Un journaliste qui s'était prononcé pour l'AKP précédemment, mais pour le non au référendum, a été l'objet d'une agression au sortir d'un bureau de vote d'Istanbul. La plupart des personnes interrogées au sortir des bureaux et s'étant prononcées pour le non ont exigé le plus total anonymat. Vendredi dernier, la Turquie a interdit l'activité de quatre organisations non-gouvernementales (deux étasuniennes, une italienne et une britannique) … Une rafle de 412 personnes présumées kurdes ou pro-kurdes est aussi intervenue voici trois jours.

Un employé municipal stanbouliote avait cependant été suspendu dès le 13 avril pour avoir proclamé que les partisans du oui pourraient considérer les femmes et filles des votants pour le non comme des "prises de guerre". 18 articles étaient soumis au vote mais les partisans du oui ont surtout mis en avant les questions sécuritaires, les ingérences étrangères et le progrès économique (actuellement en fléchissement). Voter non, c'était aussi risquer de mettre son devenir post-mortem en danger (soit en votant avec de mauvais musulmans), le oui relevant d'un "devoir religieux", le non d'un soutien au terrorisme ou aux religions non-musulmanes. La Turquie et les communautés turques de l'étranger sont désormais profondément clivées et certains partisans d'Erdogan prêts à justifier toutes les spoliations envers ses opposants devenus "haram".

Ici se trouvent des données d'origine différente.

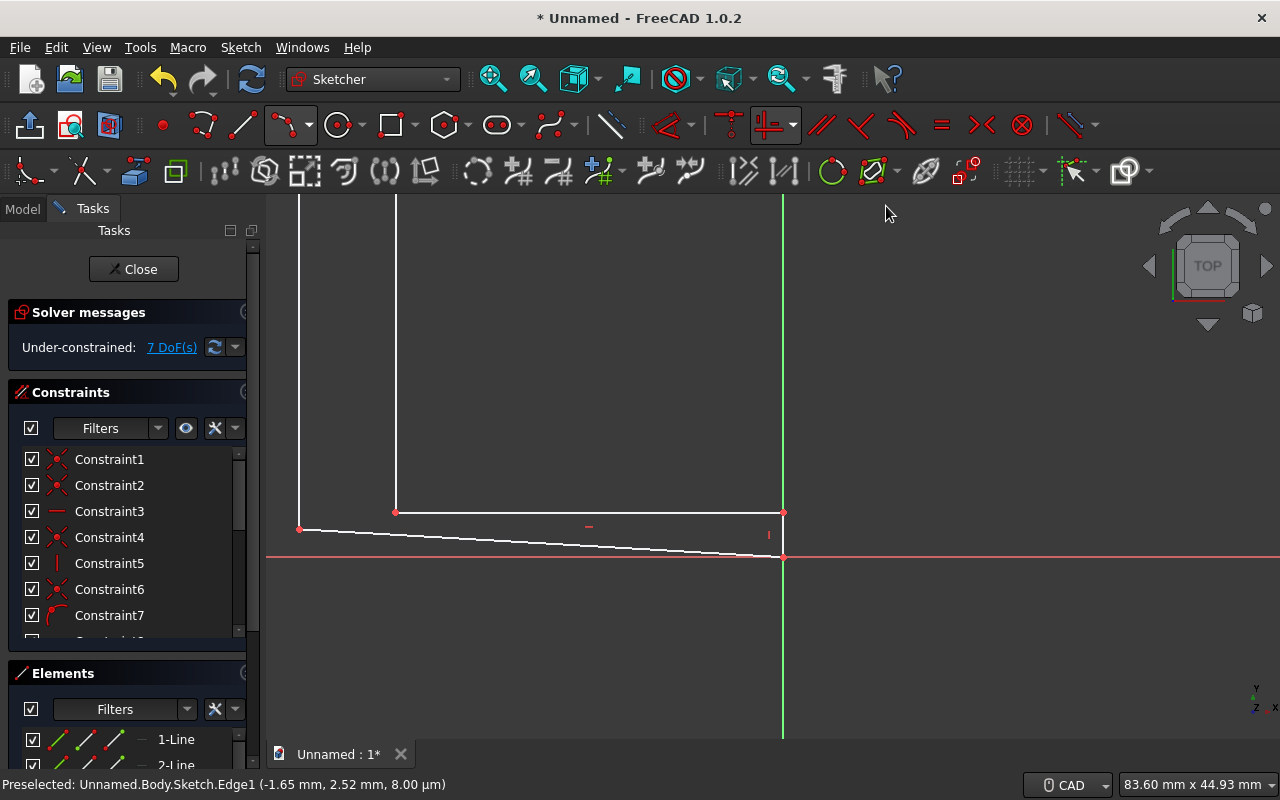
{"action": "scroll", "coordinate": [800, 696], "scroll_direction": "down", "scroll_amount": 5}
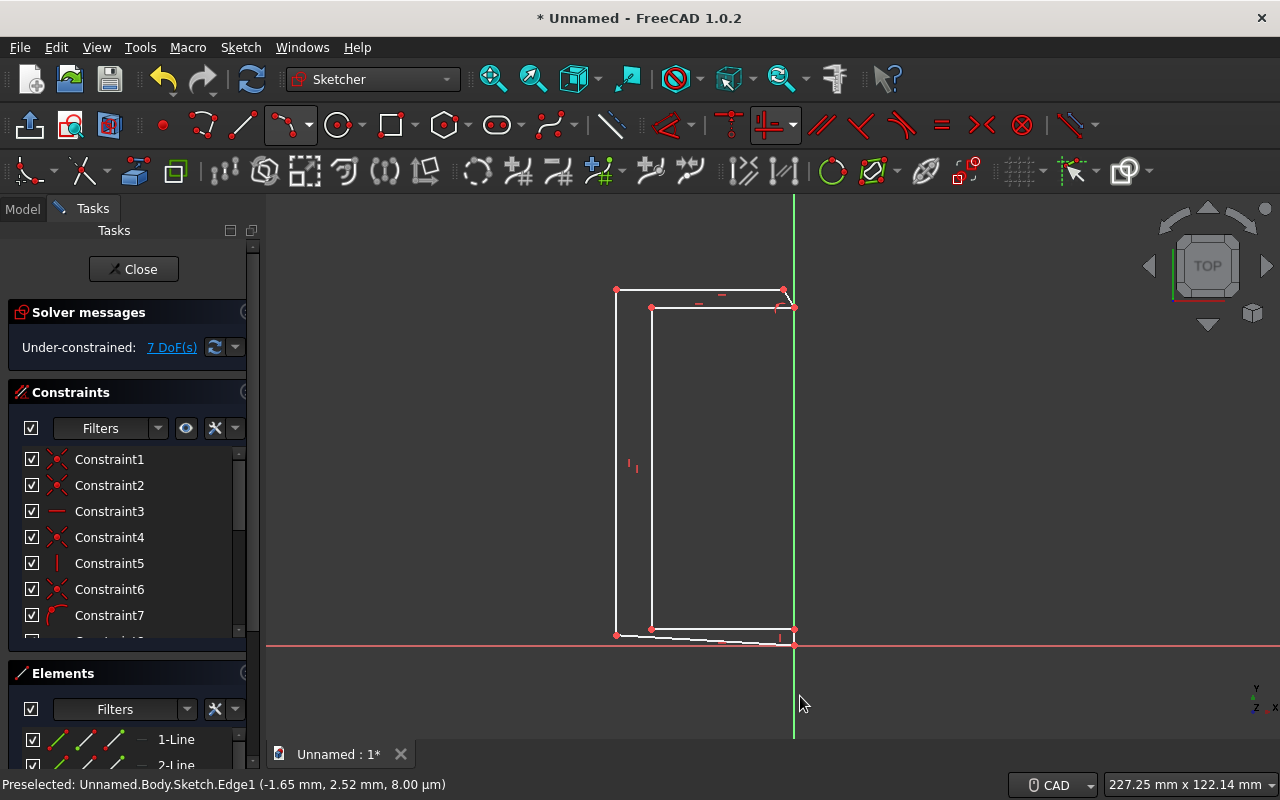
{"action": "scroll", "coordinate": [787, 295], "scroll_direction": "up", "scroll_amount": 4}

Un parlementaire du HDP a déclaré "dans les régions kurdes, nous avons voté à l'ombre des armes". Dès à présent, Erdogan pourra continuer de purger la magistrature et nommer lui-même les ministres. Erdogan s'est offert la possibilité d'élargir encore ses pouvoirs et de rester en place jusqu'en 2029. La Turquie devient de fait le troisième grand État théocratique du Proche-Orient mais placé sous la férule d'un dirigeant aussi autoritaire que celui d'Arabie. Devant ses partisans de l'AKP, Erdogan s'est empressé de déclarer : "on peut aussi faire un référendum sur la peine de mort" (ce qui sera sans doute superflu : il est si facile de mourir en prison et qui exécutera un opposant risquera fort peu).

L'Union européenne réagira faiblement et après tout, si l'Allemagne, le Royaume-Uni et la Suède conservent des ambassades en Corée du Nord, pourquoi pas en Turquie, toujours candidate à rejoindre l'UE.